Time to end 'exploitative' hospital parking fees in B.C.: non-profit

Time to end 'exploitative' hospital parking fees in B.C.: non-profit

01.21.2019

Source: Vancouver Sun

The founder of a non-profit organization devoted to eradicating hospital parking fees says it’s time for B.C.’s health authorities to cut their addictions to parking revenue.

Jon Buss’s comments come after the Provincial Health Services Authority signed a contract that will pay Impark more than $14.5 million over five years to manage Fraser and Coastal Health hospital parking lots, and that will allow the private company to keep the violation revenue it collects. For Buss, paid hospital parking is an “exploitative money-making scheme” that creates stress and anxiety for health care patients and their supporters.

“This is a social service we all pay for. Why is it that we have to face this charge at our moment of need?” asked Buss, the founder of hospitalpayparking.ca.

Buss’s group posted the contract, dated June 2018, to its website after obtaining it through a freedom of information request.

Under the contract, Impark, a private corporation, will collect parking revenue, maintain parkades and equipment, provide collection services on and retain revenue from violation notices, among other things. The contract proposes further automation at some hospital parking lots, which Buss contends will boost violation revenue. The contract commenced Jan. 1, 2019 and runs until Dec. 31, 2023.
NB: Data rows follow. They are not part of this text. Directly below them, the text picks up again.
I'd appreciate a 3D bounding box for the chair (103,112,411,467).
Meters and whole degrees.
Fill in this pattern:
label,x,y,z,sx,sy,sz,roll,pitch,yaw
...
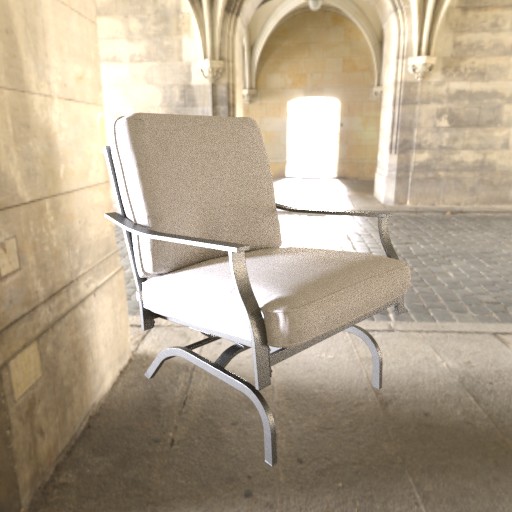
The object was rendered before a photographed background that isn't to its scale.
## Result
label,x,y,z,sx,sy,sz,roll,pitch,yaw
chair,0.000,0.000,1.385,0.650,0.860,0.787,-14,20,-42
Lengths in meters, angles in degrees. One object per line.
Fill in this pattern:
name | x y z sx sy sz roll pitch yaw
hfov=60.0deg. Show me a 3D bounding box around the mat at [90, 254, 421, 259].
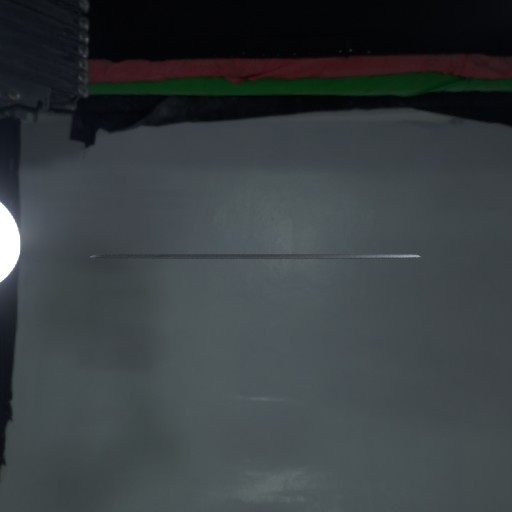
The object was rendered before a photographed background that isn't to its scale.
mat | 0.000 0.000 1.881 1.525 0.016 0.917 0 0 -1
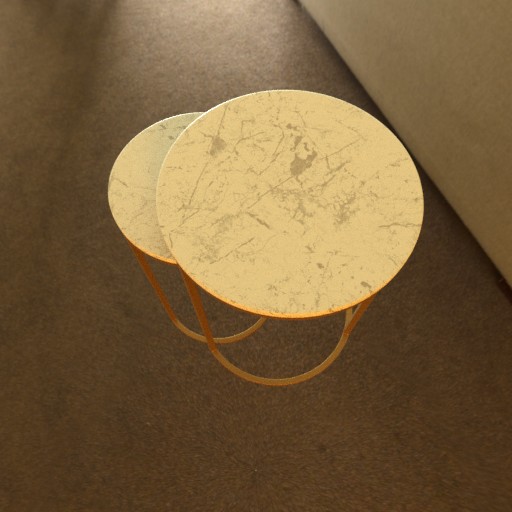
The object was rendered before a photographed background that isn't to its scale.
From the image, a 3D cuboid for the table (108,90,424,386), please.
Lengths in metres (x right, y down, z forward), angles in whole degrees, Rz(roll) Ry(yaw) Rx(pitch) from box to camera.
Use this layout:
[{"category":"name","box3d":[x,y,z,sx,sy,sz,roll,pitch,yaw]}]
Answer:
[{"category":"table","box3d":[0.000,0.000,0.924,0.507,0.550,0.400,18,66,9]}]
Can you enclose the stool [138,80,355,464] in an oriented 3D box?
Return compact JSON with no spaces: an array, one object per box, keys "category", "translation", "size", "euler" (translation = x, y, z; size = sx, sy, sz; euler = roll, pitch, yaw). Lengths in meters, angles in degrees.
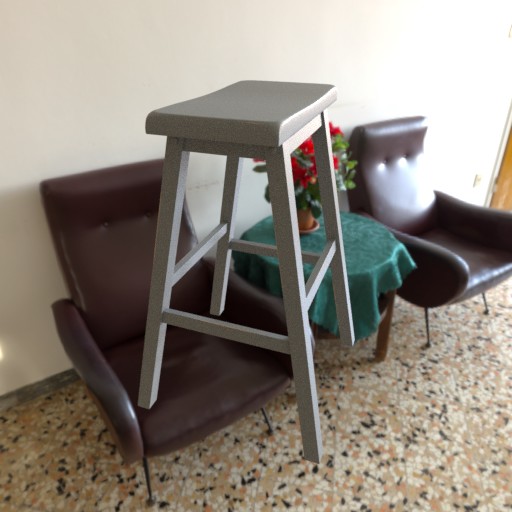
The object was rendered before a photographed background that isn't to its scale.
[{"category":"stool","translation":[0.000,0.000,1.073],"size":[0.476,0.737,0.457],"euler":[10,31,18]}]
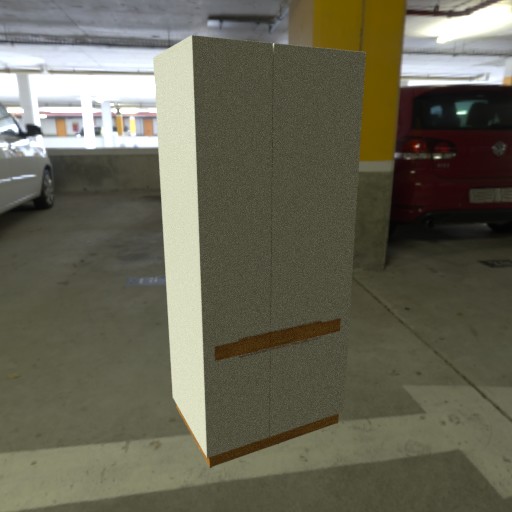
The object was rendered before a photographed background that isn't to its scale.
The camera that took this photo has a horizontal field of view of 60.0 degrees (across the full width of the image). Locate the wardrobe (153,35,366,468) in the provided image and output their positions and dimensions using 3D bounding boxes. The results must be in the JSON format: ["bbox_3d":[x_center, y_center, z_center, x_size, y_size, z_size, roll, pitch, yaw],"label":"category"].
[{"bbox_3d":[0.000,0.000,2.440,0.860,2.040,0.600,-8,17,-26],"label":"wardrobe"}]

During the fiscal year ended March 31, 2018, Fraser Health received nearly $15 million in parking revenue and Coastal Health received about $5.5 million. For a sense of scale, the budget of each health authority is roughly $3.5 billion per year.

The Provincial Health Services Authority, which negotiated the contract with Impark on behalf of PHSA, Fraser Health, Vancouver Coastal Health and Providence Health, said the consolidated effort between health authorities resulted in greater negotiating power with suppliers, ensuring a better deal for B.C.

Paid parking at hospitals is necessary to encourage stall rotation and prevent people with business unrelated to the hospital from using the stalls, said PHSA in a statement.

Money generated from fees cover parking-related operating costs such as snow clearing, lighting, security patrol and repaving. Any additional funds go to health care programs and services.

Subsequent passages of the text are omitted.